The section’s other two Landrovers were parked hard against the hedgerow, merging with it and similarly ‘cammed up’, as were the section's three trailers and motorbike.
The main reason for going to all the trouble of camming-up the TP’s on the MSR is mainly that it is good practice.
Via their surveillance satellites in low orbit, the enemy will not be craning their necks to see what is written on the signs placed by the signing parties; they can see that it is an MSR just by the weight of military traffic using it. No photo interpreter is going to spend hours looking for the well-camouflaged TP at the intersection either, because the 2000lb warhead on the medium range, vehicle launched missile that they may plan to drop on the intersection will take it out at the same time anyway.

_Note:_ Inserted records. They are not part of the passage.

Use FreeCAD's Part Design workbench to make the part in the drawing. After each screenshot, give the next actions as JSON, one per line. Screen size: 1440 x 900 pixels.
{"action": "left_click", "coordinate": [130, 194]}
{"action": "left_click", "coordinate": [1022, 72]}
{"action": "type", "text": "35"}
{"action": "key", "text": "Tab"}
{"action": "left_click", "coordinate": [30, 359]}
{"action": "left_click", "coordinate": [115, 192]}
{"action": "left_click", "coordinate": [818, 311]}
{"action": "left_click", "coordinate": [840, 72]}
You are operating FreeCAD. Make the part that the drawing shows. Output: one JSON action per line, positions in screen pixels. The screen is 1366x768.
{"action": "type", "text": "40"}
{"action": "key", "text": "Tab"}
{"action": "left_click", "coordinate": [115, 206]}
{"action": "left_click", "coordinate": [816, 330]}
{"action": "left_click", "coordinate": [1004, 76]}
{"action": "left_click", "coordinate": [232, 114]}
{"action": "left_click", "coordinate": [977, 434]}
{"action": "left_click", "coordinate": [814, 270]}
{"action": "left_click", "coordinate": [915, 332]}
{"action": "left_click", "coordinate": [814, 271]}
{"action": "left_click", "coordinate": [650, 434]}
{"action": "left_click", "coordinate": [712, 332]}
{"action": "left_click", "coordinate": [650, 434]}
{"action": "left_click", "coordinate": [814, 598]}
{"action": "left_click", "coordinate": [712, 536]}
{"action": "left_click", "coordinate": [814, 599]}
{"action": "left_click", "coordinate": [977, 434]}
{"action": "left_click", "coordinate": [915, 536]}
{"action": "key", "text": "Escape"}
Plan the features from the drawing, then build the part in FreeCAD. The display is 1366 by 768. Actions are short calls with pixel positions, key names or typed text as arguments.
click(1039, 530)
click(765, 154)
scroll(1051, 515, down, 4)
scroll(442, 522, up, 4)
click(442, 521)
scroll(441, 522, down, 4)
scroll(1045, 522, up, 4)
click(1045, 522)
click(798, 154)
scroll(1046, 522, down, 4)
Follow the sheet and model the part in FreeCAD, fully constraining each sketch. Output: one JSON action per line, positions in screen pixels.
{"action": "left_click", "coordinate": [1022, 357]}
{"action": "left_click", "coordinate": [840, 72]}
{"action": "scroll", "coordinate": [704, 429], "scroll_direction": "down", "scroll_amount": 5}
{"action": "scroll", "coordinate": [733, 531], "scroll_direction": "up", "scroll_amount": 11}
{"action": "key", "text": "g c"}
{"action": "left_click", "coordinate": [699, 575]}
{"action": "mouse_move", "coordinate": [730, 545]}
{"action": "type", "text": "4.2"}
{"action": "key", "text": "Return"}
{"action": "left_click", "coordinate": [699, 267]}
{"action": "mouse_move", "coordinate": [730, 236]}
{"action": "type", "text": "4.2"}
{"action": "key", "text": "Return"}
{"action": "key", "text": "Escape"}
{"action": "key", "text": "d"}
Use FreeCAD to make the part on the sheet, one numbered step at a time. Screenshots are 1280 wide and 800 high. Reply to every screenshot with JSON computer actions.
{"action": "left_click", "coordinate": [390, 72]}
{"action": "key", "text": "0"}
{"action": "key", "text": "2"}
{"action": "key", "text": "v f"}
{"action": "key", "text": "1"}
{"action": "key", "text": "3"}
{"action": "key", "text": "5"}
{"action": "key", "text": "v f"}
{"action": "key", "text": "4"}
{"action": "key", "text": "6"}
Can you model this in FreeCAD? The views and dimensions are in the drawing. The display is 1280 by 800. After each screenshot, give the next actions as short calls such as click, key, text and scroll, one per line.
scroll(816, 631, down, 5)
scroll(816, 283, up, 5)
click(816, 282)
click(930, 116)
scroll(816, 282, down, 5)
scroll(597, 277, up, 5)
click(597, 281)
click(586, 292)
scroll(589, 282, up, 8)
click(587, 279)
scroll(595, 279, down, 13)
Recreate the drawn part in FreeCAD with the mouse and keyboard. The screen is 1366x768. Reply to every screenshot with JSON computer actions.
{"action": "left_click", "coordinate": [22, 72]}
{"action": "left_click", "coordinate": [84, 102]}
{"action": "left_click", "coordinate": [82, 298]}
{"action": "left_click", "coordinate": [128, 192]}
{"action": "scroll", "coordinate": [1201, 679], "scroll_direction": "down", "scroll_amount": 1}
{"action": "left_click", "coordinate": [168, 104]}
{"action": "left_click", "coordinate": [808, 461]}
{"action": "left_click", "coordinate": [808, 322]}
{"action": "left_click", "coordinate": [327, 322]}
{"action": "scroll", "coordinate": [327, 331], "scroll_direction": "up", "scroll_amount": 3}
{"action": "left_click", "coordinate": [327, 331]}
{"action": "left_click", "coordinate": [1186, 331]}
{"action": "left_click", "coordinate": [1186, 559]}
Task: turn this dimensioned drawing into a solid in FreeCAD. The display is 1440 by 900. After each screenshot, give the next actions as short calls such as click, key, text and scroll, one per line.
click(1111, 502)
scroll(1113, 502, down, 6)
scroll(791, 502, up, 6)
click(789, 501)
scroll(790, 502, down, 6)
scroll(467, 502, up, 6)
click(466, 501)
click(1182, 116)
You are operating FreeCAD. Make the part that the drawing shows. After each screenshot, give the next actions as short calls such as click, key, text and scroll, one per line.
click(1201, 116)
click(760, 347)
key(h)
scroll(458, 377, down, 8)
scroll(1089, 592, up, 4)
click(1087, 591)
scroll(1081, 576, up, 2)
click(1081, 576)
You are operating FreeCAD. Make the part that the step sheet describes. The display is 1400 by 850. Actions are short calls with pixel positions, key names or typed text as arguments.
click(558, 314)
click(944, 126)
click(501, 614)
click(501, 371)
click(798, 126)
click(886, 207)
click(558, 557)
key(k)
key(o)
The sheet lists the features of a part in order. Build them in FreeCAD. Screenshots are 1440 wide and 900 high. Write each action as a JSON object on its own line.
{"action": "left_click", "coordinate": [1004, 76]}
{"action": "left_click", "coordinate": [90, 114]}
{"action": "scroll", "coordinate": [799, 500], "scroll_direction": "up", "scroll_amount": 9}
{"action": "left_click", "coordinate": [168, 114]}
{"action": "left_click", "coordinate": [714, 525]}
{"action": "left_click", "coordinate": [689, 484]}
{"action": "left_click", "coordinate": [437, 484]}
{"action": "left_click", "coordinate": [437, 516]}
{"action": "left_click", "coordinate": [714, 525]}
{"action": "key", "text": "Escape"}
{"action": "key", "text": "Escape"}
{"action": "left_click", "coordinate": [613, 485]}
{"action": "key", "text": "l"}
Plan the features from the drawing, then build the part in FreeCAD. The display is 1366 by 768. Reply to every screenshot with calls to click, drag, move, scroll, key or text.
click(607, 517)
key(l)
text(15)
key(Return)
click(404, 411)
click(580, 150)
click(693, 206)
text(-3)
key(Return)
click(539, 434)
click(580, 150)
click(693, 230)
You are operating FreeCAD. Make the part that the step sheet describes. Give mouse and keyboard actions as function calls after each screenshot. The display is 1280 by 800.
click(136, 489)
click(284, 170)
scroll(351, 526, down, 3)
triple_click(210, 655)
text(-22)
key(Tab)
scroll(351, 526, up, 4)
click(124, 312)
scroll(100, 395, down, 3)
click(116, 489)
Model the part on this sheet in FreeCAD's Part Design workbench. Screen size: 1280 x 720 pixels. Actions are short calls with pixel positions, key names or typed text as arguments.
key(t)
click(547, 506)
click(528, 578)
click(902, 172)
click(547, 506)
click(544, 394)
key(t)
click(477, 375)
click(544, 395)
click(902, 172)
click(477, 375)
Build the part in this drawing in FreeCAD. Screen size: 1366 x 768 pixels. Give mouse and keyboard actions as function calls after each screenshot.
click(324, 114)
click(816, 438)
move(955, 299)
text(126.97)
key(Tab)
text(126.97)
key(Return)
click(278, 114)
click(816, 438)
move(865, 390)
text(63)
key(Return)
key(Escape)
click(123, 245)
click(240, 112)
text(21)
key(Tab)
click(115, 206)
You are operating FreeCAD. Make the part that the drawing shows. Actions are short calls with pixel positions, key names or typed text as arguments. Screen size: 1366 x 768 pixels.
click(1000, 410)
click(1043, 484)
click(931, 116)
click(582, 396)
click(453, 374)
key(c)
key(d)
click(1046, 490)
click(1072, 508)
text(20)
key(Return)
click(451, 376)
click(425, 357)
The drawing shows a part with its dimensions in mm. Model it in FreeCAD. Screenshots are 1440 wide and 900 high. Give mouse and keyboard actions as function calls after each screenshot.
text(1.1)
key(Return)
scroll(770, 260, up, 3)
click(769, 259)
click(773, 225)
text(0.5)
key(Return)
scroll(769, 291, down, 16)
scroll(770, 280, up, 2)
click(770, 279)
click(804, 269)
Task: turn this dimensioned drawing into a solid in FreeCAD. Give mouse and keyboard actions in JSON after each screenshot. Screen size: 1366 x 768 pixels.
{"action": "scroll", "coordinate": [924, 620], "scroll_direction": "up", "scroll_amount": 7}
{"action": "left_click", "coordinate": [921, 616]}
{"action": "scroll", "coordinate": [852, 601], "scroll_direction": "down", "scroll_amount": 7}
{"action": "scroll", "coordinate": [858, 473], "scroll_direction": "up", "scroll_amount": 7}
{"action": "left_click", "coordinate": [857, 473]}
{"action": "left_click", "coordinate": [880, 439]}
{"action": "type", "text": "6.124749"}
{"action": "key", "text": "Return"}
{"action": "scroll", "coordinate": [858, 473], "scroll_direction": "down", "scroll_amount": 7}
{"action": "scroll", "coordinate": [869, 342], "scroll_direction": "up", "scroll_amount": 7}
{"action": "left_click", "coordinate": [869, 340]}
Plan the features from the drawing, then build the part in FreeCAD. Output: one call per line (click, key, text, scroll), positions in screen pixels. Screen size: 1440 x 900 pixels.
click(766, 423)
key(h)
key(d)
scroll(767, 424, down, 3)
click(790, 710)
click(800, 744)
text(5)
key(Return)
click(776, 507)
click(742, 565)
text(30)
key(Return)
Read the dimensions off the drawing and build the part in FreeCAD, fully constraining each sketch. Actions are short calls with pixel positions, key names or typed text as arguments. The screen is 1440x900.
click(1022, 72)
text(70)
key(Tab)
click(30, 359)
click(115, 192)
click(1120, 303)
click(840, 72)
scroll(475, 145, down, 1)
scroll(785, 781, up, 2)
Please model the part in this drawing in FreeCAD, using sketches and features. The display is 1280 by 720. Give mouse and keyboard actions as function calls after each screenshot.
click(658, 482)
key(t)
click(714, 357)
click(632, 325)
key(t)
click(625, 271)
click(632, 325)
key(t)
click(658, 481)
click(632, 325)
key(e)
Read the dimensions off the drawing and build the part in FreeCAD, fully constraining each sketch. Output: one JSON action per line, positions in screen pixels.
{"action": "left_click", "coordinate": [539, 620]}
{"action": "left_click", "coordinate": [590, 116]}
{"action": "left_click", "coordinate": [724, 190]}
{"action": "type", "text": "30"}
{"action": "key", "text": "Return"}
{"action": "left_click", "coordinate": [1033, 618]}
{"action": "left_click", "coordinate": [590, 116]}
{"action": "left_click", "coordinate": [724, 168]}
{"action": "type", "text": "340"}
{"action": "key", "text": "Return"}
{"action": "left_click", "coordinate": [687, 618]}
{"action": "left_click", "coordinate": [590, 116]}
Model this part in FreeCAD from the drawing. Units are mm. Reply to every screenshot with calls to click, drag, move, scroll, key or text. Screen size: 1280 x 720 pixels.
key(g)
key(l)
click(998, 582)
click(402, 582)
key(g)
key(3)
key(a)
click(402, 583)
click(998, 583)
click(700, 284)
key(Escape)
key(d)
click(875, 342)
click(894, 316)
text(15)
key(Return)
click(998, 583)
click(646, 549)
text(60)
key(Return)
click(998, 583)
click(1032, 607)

Sgt Dick Bolding, the section commander of 2 Section was in the CP, using the military telephone network, with its cables laid below ground in the 1960s that followed the military route network throughout the country.
A large map against the inside wall of the CP had a fair amount of information over-written on its clear plastic cover, showing unit locations, routes and the like. A blanket was rolled up above it; ready to be dropped down should they have visitors who were not of the ‘need-to-know’ category. A second board followed the progress up and down ‘NUT’ of the ‘packets’ of vehicles in the convoys; this also had a blanket in place over it.